**Action item**
From the entries below, transcribe exactly the lines between the line holding "- person (860,267,917,442)" and the line holding "- person (1457,278,1519,406)", inclusive; skip all other lines.

**Extracted data**
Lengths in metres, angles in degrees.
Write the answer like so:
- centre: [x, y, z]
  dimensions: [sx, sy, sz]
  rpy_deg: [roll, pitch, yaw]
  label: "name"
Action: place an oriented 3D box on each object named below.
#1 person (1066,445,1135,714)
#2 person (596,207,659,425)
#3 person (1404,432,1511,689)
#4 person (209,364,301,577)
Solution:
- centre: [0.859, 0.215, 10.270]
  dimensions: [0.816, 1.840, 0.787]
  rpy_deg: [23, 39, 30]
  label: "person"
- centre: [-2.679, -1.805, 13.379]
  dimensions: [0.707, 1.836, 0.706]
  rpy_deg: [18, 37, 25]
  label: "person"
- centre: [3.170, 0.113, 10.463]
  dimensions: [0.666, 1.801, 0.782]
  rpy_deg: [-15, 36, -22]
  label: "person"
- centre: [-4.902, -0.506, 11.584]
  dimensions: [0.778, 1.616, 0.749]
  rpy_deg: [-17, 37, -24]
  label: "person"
...
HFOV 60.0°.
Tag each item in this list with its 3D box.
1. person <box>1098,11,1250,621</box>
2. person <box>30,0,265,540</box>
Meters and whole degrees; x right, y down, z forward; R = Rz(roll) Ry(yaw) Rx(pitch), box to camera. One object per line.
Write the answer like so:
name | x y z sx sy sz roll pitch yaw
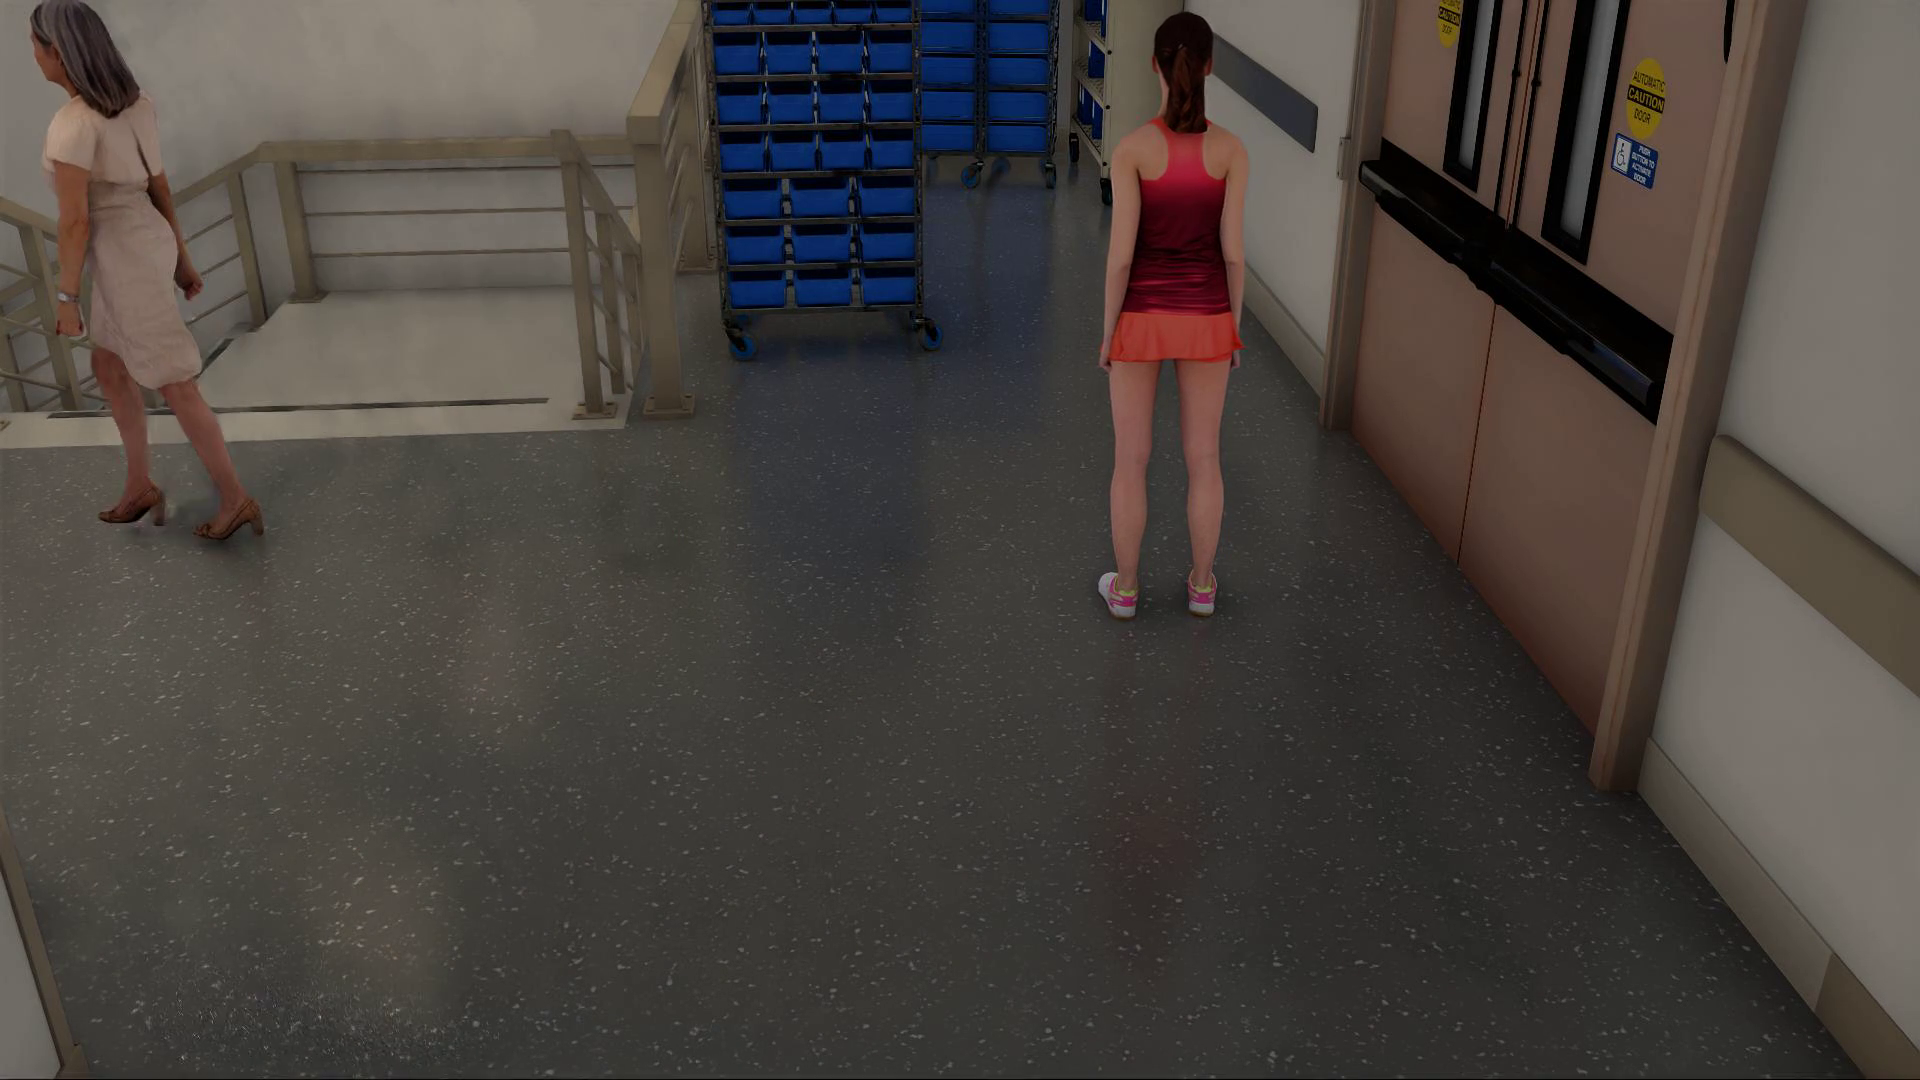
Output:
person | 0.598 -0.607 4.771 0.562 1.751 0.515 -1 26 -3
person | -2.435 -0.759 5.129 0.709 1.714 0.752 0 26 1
---
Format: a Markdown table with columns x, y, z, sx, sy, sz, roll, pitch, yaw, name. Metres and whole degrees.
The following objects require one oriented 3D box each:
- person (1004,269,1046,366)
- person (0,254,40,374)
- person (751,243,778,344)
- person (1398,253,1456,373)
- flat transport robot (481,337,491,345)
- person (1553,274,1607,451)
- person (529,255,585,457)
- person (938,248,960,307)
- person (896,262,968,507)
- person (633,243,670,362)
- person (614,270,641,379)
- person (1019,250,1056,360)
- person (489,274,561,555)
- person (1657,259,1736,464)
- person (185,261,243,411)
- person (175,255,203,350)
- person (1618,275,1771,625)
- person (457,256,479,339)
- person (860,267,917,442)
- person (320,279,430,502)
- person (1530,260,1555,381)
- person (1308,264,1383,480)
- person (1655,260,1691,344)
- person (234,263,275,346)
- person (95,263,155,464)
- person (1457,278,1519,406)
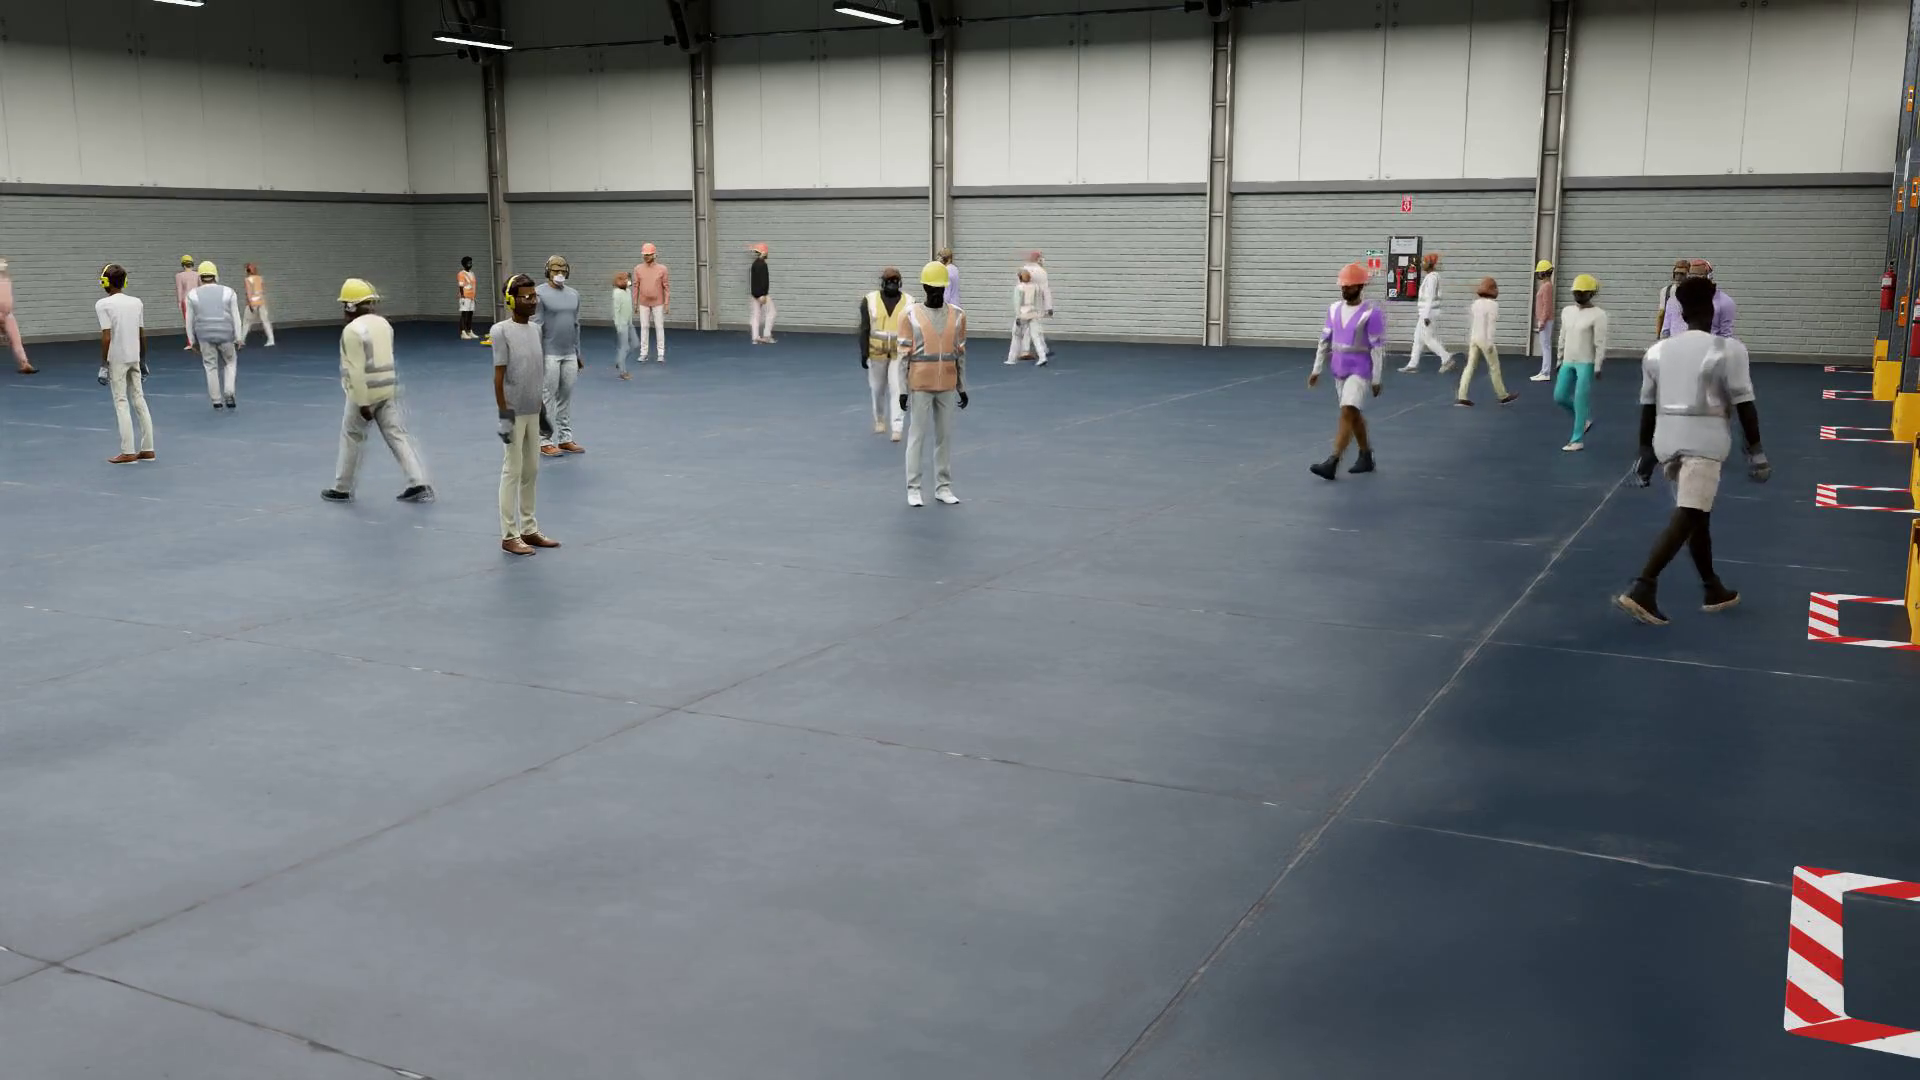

**Reply to the exercise**
- person (860,267,917,442)
- person (320,279,430,502)
- person (1530,260,1555,381)
- person (1308,264,1383,480)
- person (1655,260,1691,344)
- person (234,263,275,346)
- person (95,263,155,464)
- person (1457,278,1519,406)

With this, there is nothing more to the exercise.